Compute MCMC samples from the posterior and predictive distributions of a STAR linear regression model with a g-prior and Bayesian nonparametric (BNP) transformation.
blm_star_gibbs_bnp(
y,
X,
X_test = X,
y_max = Inf,
psi = length(y),
alpha = 1,
P0 = NULL,
pilot_run = FALSE,
nsave = 1000,
nburn = 1000,
nskip = 0,
verbose = TRUE
)a list with the following elements:
coefficients: the posterior mean of the regression coefficients
post.beta: nsave x p samples from the posterior distribution
of the regression coefficients
post.pred: nsave x n_test samples
from the posterior predictive distribution at test points X_test
post.g: nsave posterior samples of the transformation
evaluated at 1:max(y)
post.log.like.point: draws of the log-likelihood for each of the n observations
WAIC: Widely-Applicable/Watanabe-Akaike Information Criterion
p_waic: Effective number of parameters based on WAIC
n x 1 vector of observed counts
n x p matrix of predictors (including an intercept)
n_test x p matrix of predictors for test data
(including an intercept); default is the observed covariates X
a fixed and known upper bound for all observations; default is Inf
prior variance (g-prior); default is n
prior precision for the Dirichlet Process prior; default is one
function to evaluate the base measure PMF supported on {0,...,y_max};
see below for default values when unspecified (NULL)
logical; if TRUE, use a short pilot run to approximate
the marginal CDF of the latent z; otherwise, use a Laplace approximation
number of MCMC iterations to save
number of MCMC iterations to discard
number of MCMC iterations to skip between saving iterations, i.e., save every (nskip + 1)th draw
This function provides fully Bayesian inference for a
transformed linear model with discrete data. The sampling algorithm draws the
transformation g directly from its *marginal* posterior distribution
and then uses a Gibbs sampler for the latent data z and the
regression coefficients beta.

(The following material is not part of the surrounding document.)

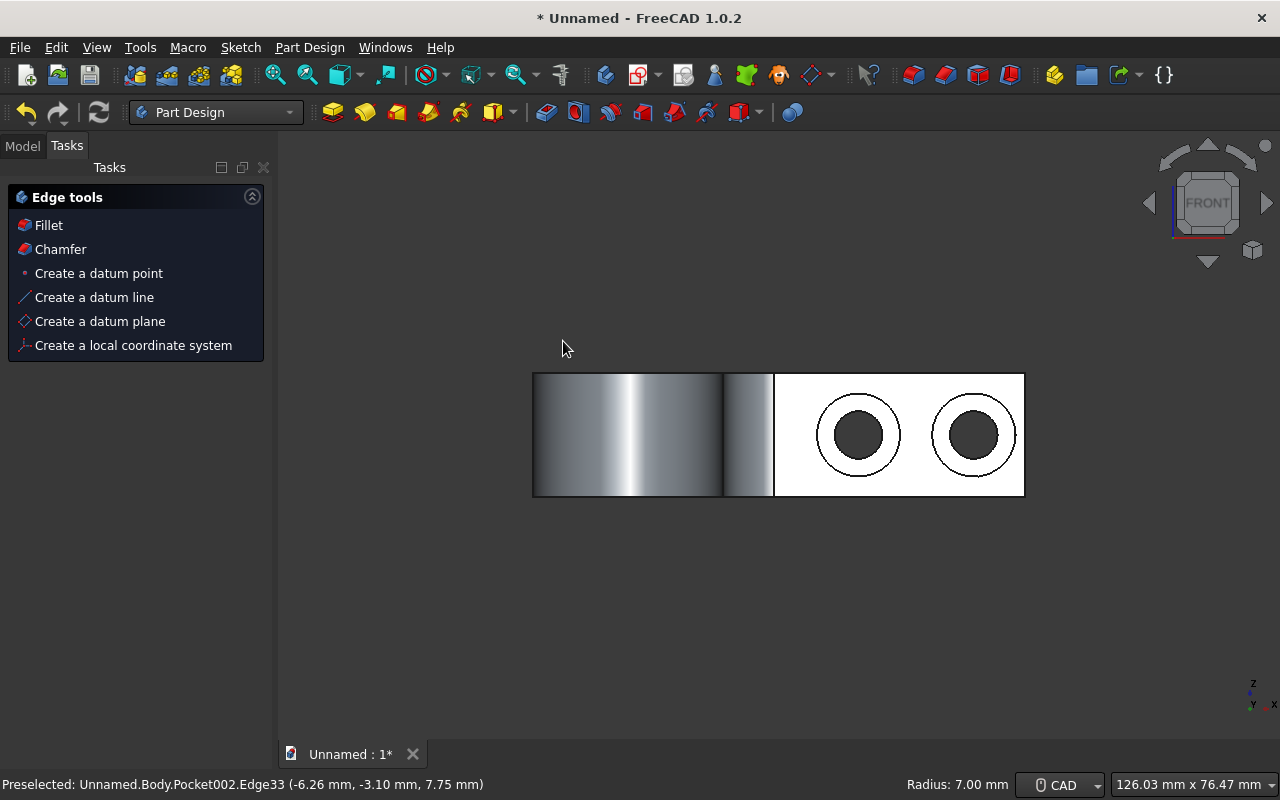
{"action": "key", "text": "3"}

Compared to the direct Monte Carlo
version in blm_star_exact, this MCMC algorithm uses a blocking structure
that balances MCMC efficiency (the marginal sampler for g) with
computational scalability (the Gibbs sampler for z and beta).
The BNP model for the transformation g is derived from a Dirichlet Process (DP)
prior on the marginal CDF of y. The user can specify the prior precision
alpha and the base measure, e.g., P0 = function(t) dpois(t, lambda = 10).
Otherwise, the default approach views the base measure as a means to ensure
correct support and avoid boundary issues, both of which are concerns with the
Bayesian bootstrap (alpha = 0). Thus, the default is a small prior
precision alpha = 1 and base measures that guarantee the right support.
For y_max < Inf, we simply use Uniform{0,...,y_max}. Otherwise,
we use Geom(pi_geom), where pi_geom is elicited by fixing
the probability of exceeding the maximum observed value, P(y > max(y)),
which we set at 0.10. Recall that the DP posterior for the marginal CDF
of y combines the base measure with the empirical measure: in expectation,
the base measure has weight alpha/(n + alpha) = 1/(n+1) while the empirical
part has weight n/(n + alpha) = n/(n+1). Thus, the base measure's contribution is small,
and matters most for data values that may exceed max(y).